Tag: Sunday Morning Opera

  • Georgian Opera on WPRB Sunday

    Georgian Opera on WPRB Sunday

    Sandy Steiglitz is under the weather, and I’ve got Georgia on my mind.

    Join me tomorrow as I fill in as a last-minute substitute for this week’s “Sunday Morning Opera.” I am looking forward to sharing a rarely-heard work by Zakharia Paliashvili (1871-1933), who is regarded as the “Father of Georgian Music.”

    “Abesalom and Eteri,” composed between 1909 and 1918, is based on the medieval Georgian folk poem, “Eteriani.” In the best Romantic tradition, the story is one of star-crossed love in an historical setting.
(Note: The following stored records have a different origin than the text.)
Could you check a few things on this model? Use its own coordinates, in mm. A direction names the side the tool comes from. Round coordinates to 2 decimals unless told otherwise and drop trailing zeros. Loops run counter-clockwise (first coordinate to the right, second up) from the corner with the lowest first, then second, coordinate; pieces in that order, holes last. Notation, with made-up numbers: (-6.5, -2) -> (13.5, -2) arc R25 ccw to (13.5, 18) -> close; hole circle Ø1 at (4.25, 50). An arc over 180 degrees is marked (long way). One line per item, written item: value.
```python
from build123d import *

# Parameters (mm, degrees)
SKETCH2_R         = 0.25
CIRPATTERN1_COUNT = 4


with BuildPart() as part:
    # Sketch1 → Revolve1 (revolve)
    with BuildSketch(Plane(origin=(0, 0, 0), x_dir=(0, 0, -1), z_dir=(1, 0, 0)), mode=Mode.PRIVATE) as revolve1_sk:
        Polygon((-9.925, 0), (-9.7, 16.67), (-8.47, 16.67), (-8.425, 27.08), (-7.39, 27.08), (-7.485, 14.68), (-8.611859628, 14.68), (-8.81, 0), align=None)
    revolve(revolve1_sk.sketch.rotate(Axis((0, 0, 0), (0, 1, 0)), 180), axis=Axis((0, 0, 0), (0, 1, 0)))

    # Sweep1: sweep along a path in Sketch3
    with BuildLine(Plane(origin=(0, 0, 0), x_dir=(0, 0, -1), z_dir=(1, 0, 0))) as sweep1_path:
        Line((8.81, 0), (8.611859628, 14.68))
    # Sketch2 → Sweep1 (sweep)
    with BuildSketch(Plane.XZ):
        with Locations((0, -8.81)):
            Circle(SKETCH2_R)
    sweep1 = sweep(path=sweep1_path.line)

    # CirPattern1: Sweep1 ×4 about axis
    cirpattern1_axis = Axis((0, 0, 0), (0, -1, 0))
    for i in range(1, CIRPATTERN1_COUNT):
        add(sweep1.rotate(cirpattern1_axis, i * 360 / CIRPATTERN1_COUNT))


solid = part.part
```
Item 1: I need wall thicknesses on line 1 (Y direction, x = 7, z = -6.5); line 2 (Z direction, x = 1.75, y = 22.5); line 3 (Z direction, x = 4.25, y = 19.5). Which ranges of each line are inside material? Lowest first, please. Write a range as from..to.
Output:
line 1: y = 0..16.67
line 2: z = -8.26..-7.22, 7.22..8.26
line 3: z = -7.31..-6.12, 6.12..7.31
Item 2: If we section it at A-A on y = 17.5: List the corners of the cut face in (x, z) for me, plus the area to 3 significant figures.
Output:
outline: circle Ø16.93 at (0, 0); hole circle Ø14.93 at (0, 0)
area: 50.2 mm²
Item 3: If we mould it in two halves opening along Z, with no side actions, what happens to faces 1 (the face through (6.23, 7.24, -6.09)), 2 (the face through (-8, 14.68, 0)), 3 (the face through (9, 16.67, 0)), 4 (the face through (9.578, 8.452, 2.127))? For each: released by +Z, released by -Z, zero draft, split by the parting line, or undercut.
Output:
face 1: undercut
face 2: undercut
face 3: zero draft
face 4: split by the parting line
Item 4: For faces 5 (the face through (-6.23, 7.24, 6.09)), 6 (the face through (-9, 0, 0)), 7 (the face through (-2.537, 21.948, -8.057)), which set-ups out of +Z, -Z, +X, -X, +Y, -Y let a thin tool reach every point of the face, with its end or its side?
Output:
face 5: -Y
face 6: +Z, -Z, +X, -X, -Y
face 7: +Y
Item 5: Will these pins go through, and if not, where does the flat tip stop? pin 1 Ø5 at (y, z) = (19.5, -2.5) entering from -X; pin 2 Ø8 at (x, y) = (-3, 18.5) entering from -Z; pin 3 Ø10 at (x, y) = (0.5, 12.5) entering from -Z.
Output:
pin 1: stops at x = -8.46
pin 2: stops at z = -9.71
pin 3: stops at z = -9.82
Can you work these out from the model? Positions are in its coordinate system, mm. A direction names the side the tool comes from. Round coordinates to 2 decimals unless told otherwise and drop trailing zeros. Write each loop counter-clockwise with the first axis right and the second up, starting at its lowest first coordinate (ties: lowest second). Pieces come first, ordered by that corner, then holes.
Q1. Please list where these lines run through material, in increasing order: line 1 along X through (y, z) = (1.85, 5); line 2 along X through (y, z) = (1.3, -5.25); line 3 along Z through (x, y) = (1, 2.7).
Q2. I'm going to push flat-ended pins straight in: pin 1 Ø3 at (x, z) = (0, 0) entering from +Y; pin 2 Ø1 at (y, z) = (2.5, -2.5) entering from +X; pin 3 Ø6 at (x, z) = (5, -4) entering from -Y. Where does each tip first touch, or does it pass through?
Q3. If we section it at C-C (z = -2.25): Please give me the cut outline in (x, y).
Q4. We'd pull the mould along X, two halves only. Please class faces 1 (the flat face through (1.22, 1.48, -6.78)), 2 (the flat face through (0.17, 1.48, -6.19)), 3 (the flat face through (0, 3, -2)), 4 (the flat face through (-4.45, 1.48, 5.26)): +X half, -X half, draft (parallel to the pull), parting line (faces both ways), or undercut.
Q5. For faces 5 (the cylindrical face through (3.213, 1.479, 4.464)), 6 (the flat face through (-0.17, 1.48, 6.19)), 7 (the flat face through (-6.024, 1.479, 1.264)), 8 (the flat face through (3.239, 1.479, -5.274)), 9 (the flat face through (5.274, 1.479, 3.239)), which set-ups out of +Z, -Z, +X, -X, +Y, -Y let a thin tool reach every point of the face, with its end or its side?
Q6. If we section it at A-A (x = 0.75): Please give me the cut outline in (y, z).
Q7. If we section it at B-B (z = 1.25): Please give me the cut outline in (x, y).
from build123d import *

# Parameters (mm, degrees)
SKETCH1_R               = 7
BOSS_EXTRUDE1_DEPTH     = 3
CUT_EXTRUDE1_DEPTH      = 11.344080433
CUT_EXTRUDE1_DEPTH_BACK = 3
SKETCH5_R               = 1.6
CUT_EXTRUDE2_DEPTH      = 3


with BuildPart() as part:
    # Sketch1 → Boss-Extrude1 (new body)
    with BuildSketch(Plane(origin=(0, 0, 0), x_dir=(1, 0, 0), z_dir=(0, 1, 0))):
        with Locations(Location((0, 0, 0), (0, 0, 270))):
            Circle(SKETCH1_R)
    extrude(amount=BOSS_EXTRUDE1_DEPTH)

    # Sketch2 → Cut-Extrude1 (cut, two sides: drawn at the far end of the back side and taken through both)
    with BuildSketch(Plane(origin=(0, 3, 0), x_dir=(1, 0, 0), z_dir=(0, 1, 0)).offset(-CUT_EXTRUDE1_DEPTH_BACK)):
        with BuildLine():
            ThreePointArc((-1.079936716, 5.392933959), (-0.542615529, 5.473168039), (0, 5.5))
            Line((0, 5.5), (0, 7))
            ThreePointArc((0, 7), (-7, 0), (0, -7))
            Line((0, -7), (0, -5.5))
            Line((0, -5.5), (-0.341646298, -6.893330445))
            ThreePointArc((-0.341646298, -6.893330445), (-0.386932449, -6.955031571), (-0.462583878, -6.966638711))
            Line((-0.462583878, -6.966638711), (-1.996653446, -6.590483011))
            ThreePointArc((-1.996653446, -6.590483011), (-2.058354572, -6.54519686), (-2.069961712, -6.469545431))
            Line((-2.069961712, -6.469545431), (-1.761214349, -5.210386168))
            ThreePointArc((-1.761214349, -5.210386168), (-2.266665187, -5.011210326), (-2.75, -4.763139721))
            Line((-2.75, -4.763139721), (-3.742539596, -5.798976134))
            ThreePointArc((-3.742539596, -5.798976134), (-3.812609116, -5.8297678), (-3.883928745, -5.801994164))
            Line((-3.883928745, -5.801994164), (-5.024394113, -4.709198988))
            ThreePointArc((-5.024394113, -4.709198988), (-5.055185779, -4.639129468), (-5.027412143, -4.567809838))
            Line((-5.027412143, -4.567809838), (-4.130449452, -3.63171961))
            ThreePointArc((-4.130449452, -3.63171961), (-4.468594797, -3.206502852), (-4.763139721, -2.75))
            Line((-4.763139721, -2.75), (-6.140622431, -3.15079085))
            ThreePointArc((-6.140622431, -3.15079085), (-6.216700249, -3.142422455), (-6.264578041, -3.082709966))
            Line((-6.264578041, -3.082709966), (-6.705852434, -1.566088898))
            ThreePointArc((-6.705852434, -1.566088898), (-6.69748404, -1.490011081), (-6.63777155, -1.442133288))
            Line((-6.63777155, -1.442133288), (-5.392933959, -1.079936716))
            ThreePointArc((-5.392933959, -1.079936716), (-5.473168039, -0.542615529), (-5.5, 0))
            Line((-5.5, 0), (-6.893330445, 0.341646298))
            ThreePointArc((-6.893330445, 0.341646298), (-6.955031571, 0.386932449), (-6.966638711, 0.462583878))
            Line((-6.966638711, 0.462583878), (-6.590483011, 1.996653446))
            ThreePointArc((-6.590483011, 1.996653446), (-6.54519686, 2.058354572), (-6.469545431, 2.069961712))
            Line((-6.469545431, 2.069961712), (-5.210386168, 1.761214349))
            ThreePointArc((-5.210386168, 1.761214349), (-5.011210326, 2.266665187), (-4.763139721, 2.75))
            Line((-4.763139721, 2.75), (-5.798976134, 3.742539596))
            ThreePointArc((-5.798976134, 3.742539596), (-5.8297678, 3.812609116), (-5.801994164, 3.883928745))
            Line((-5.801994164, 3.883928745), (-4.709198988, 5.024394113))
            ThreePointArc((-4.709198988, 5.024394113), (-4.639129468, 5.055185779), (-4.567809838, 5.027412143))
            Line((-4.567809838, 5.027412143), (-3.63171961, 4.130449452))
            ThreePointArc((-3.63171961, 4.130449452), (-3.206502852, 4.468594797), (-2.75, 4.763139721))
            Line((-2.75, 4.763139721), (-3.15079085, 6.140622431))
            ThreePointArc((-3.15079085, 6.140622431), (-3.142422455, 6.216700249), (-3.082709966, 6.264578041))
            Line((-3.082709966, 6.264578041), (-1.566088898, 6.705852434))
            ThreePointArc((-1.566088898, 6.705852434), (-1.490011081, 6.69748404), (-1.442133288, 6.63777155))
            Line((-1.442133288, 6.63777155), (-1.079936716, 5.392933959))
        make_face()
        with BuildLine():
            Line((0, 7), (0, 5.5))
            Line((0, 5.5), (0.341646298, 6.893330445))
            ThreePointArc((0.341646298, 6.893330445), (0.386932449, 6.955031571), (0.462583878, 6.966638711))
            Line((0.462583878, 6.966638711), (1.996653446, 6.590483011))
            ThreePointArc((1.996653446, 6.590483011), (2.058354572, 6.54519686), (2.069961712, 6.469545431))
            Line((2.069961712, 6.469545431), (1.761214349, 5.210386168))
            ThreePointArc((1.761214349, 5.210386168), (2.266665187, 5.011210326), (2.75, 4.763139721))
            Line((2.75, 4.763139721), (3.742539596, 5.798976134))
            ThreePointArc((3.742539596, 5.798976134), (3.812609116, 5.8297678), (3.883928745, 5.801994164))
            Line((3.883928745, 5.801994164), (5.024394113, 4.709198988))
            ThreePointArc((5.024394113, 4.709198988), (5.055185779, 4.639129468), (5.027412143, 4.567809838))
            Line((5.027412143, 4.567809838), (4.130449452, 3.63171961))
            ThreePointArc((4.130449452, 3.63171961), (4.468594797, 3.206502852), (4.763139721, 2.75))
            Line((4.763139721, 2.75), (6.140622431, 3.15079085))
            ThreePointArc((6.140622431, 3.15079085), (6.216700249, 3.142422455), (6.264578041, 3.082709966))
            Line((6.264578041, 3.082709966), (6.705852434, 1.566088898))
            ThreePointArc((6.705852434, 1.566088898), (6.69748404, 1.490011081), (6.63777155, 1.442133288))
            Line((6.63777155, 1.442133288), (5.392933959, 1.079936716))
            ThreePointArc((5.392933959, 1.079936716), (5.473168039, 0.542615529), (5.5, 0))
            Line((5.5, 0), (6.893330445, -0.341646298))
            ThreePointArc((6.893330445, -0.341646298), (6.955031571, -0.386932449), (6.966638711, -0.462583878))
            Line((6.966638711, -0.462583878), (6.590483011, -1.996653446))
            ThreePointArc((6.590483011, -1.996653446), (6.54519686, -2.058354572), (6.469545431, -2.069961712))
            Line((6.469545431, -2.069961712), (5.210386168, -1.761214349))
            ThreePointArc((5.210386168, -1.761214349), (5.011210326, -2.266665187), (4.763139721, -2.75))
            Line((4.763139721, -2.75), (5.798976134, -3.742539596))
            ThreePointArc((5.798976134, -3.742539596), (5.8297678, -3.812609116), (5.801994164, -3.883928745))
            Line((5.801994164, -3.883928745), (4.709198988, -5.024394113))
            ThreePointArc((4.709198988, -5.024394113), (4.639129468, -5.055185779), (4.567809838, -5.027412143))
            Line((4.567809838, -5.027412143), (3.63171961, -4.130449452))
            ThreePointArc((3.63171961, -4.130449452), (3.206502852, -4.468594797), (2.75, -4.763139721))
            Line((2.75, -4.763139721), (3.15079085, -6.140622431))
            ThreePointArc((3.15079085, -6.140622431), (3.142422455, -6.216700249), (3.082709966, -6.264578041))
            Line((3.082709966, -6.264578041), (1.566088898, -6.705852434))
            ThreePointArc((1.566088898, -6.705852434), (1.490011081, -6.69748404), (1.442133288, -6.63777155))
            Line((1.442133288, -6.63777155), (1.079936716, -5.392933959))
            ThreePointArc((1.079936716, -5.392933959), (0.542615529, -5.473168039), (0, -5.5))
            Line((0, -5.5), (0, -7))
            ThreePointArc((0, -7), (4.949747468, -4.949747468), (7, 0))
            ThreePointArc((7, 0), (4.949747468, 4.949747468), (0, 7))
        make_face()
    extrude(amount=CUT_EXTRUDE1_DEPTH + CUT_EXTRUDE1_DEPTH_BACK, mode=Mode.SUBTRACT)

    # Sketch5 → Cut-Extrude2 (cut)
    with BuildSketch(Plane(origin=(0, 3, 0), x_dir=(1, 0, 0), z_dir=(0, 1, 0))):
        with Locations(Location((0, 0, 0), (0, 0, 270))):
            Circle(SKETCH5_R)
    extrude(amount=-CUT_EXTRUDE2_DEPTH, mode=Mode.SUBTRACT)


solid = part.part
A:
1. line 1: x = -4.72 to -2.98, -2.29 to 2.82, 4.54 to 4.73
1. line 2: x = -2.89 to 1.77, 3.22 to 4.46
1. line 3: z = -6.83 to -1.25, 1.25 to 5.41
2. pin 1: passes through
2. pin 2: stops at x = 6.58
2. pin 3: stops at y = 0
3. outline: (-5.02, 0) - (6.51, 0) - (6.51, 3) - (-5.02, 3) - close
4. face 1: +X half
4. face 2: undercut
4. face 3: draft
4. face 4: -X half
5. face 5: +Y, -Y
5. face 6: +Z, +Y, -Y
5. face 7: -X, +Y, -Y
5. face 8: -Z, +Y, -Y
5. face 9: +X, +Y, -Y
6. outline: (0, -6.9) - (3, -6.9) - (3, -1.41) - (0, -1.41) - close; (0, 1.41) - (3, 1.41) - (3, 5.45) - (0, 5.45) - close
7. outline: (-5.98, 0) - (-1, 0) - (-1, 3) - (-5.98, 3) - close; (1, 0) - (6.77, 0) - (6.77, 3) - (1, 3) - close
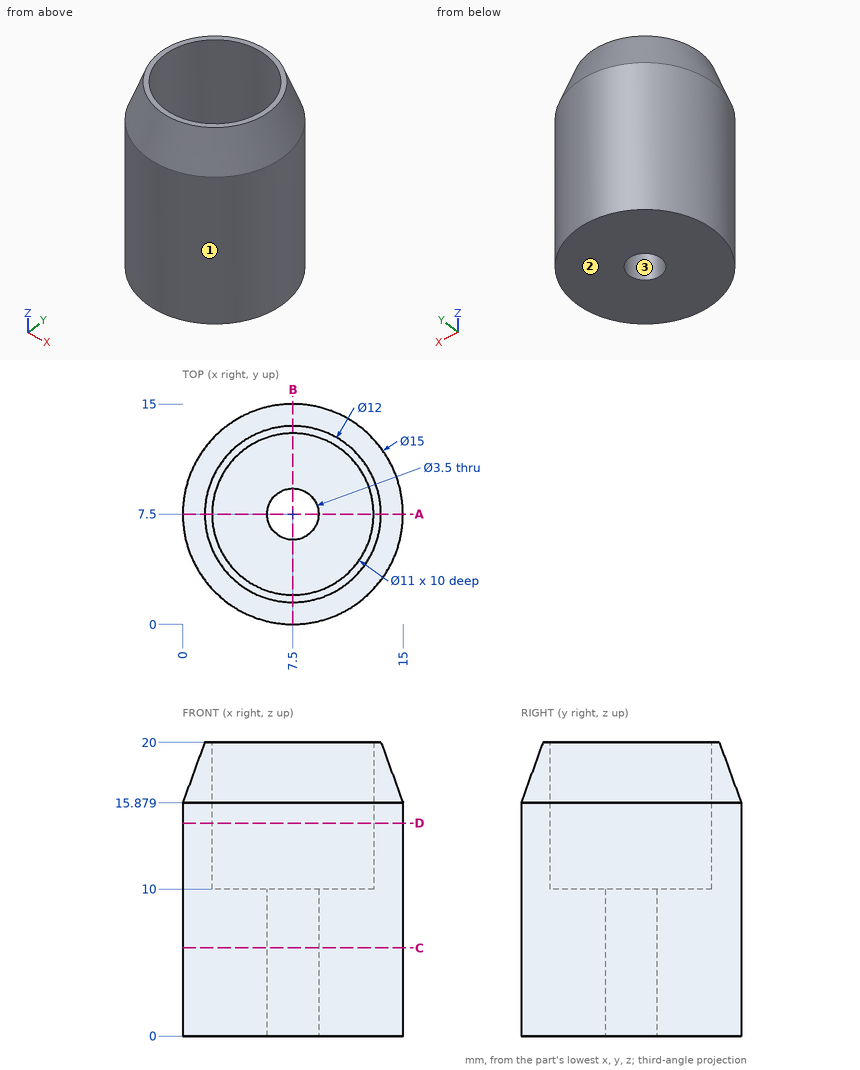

The musical language is an appealing fusion of folk song and pageantry. In 2004, excerpts from the work were adapted into the National Anthem of Georgia.

    The recording we’ll hear was issued on the Deutsche Grammophon label back in the 1979, but to my knowledge it has been unavailable in the West for decades.

    Join me this Sunday morning from 7 to 10:00 EDT (remember tonight is the clock change, as we spring forward into Daylight Saving Time) for this rare opportunity to enjoy Paliashvili’s “Abesalom and Eteri,” on WPRB 103.3 FM and at wprb.com.

    Best wishes to Sandy, and get well soon!

  • Korngold Wolf-Ferrari Opera on WPRB

    Korngold Wolf-Ferrari Opera on WPRB

    Wake up to your conflicted emotions with Erich Wolfgang Korngold’s “Violanta,” and then sneak a cigarette with Ermanno Wolf-Ferrari’s “Il segreto di Susanna” (“Susanna’s Secet”). I’ll be filling in for Sandy Steiglitz today for “Sunday Morning Opera,” from 7 to 10 ET, on WPRB 103.3 FM and at wprb.com.

  • Haddon Hall Opera Mother’s Day Breakfast

    Haddon Hall Opera Mother’s Day Breakfast

    Perhaps as an alternative to waiting in line at the diner on Mother’s Day, you can cook breakfast for Mom at home and listen to “Haddon Hall.” Sir Arthur Sullivan’s rarely-heard light opera, given its premiere in 1892, will be the featured work on Sandy Steiglitz’s “Sunday Morning Opera.”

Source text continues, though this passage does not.